◆ What is needed:
Which lines of the entries below run from the one holding "Numbers: x, y, z, sx, sy, sz, roll, pitch, yaw." to the one holding "0.055 -18 48 7", inclusive? Set down exactly those lines and no others.

◆ Task material:
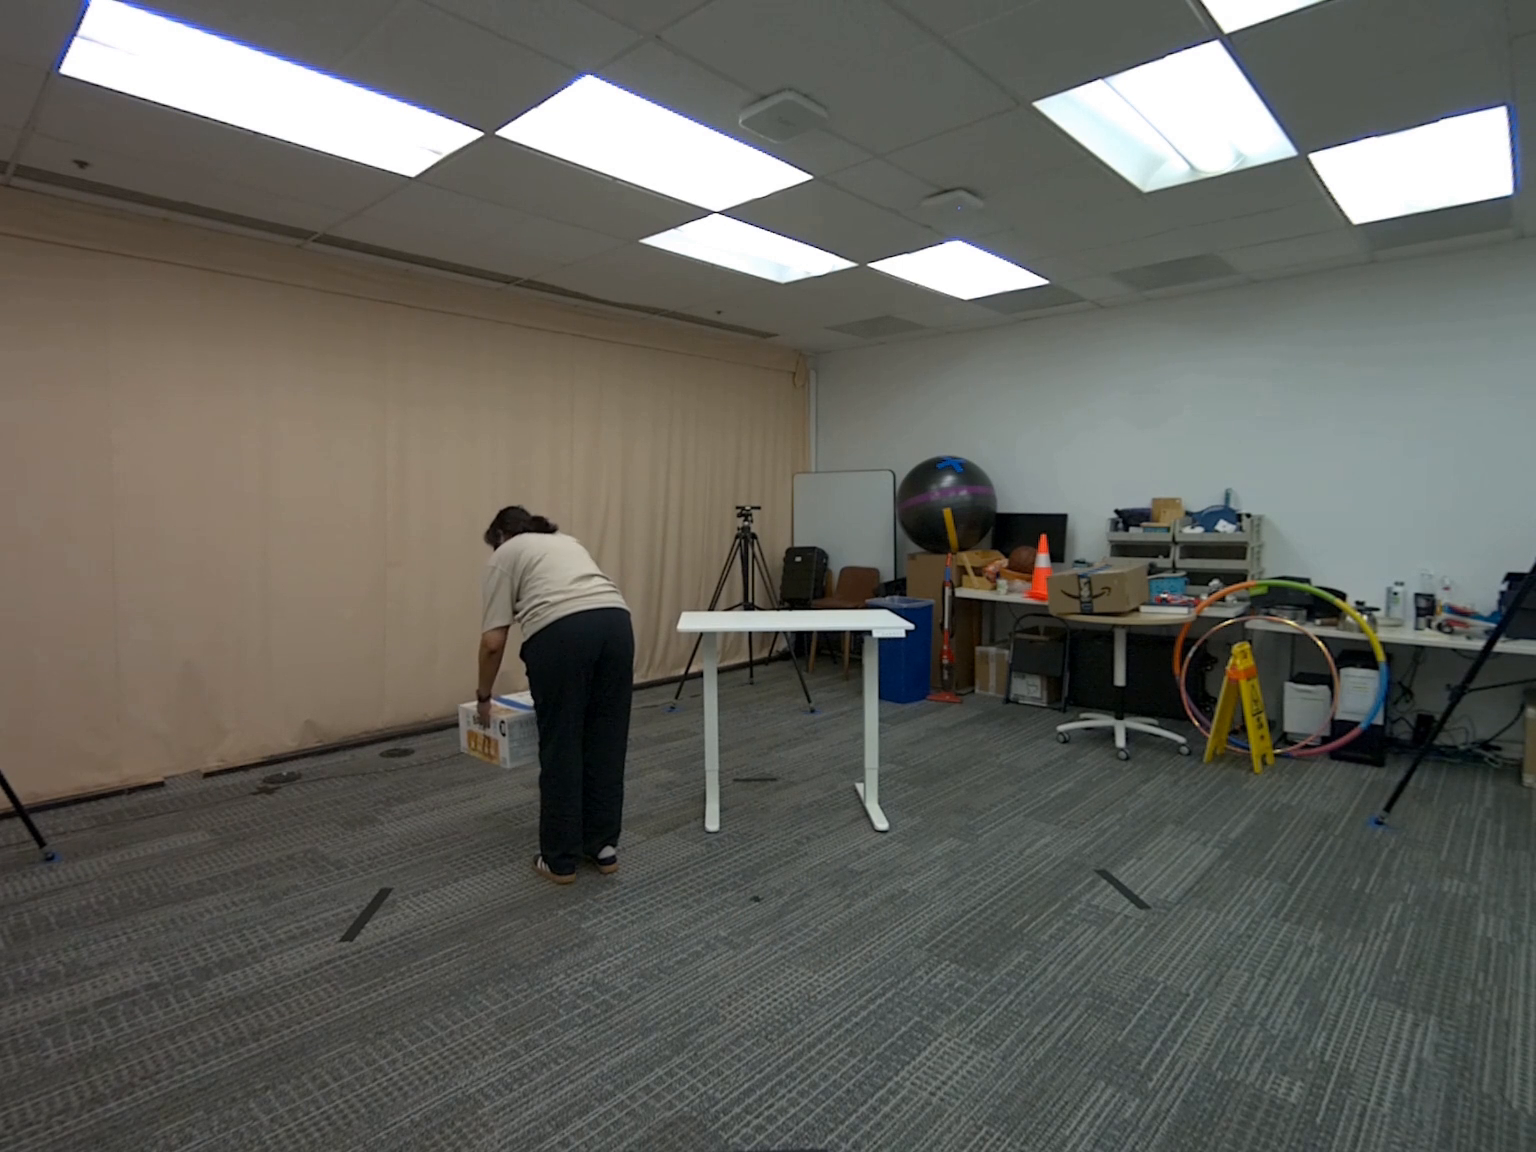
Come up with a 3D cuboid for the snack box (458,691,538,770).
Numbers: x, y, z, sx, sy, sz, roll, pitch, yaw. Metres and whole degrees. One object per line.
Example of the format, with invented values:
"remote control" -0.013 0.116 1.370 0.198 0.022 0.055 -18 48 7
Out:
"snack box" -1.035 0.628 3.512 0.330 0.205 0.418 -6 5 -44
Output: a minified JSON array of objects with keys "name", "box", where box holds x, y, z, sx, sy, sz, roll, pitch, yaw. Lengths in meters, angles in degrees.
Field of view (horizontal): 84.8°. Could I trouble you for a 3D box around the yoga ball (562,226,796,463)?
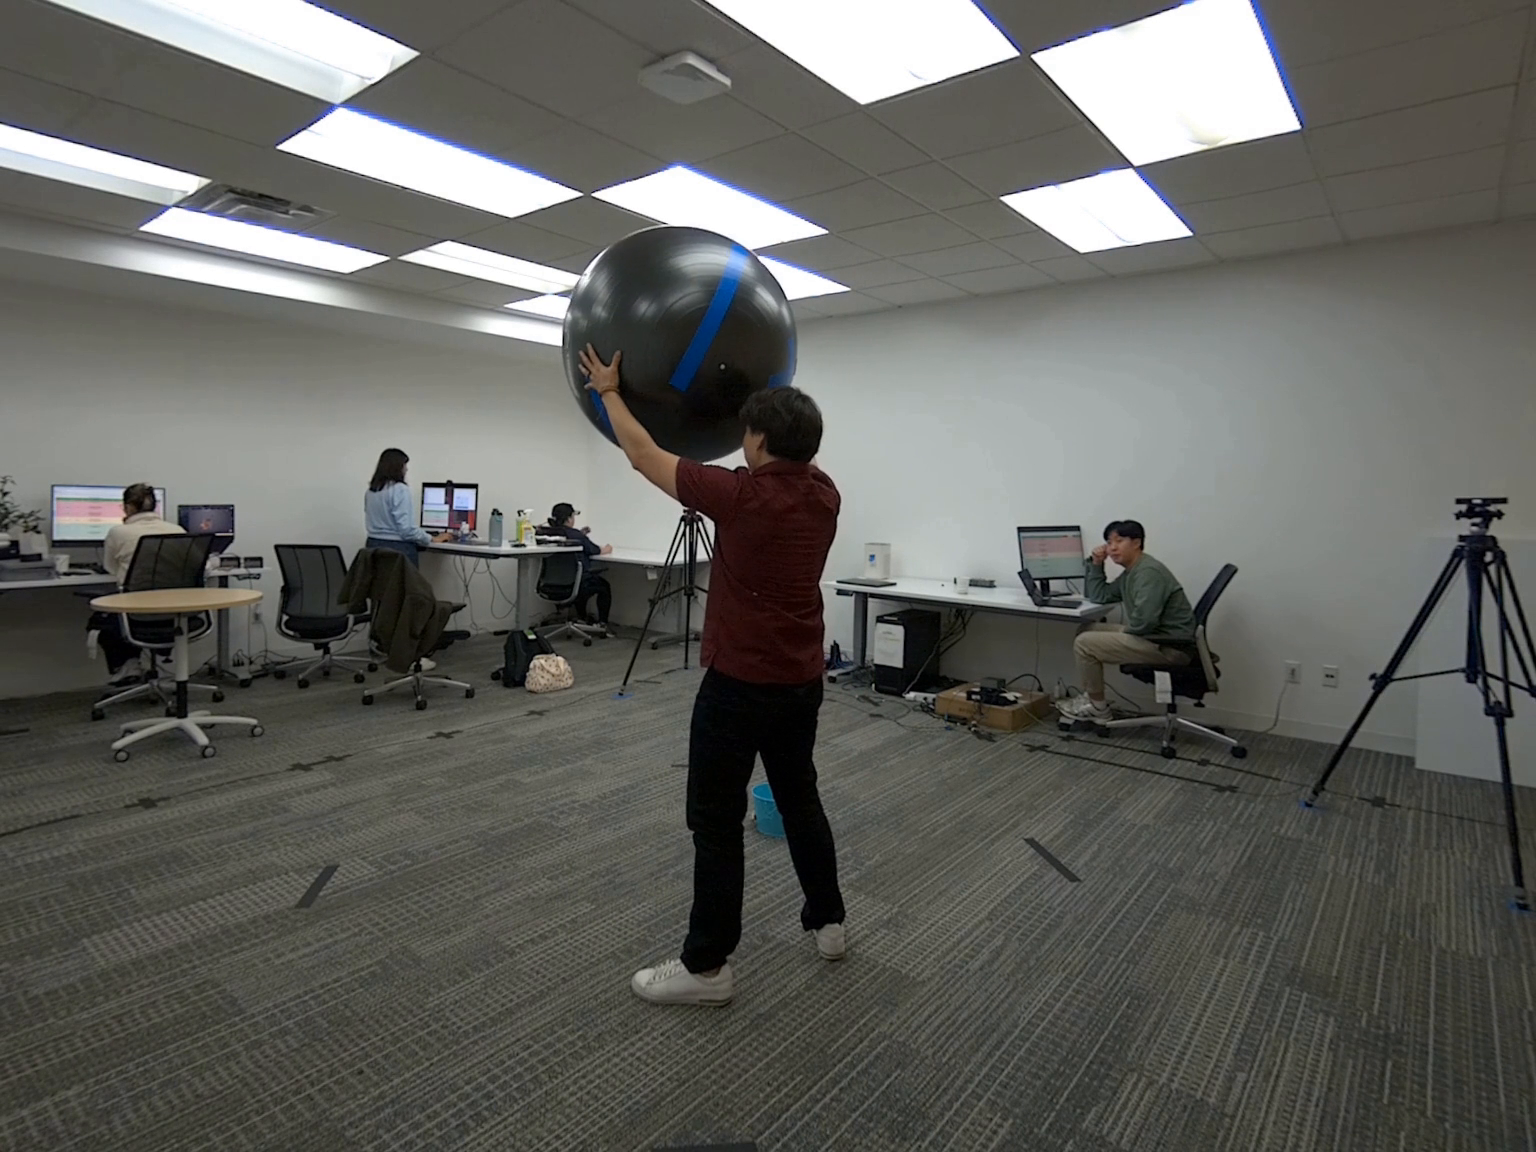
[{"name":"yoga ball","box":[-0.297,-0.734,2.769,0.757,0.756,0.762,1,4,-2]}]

◆ Solution to the problem:
Numbers: x, y, z, sx, sy, sz, roll, pitch, yaw. Metres and whole degrees. One object per line.
Example of the format, with invented values:
"remote control" -0.013 0.116 1.370 0.198 0.022 0.055 -18 48 7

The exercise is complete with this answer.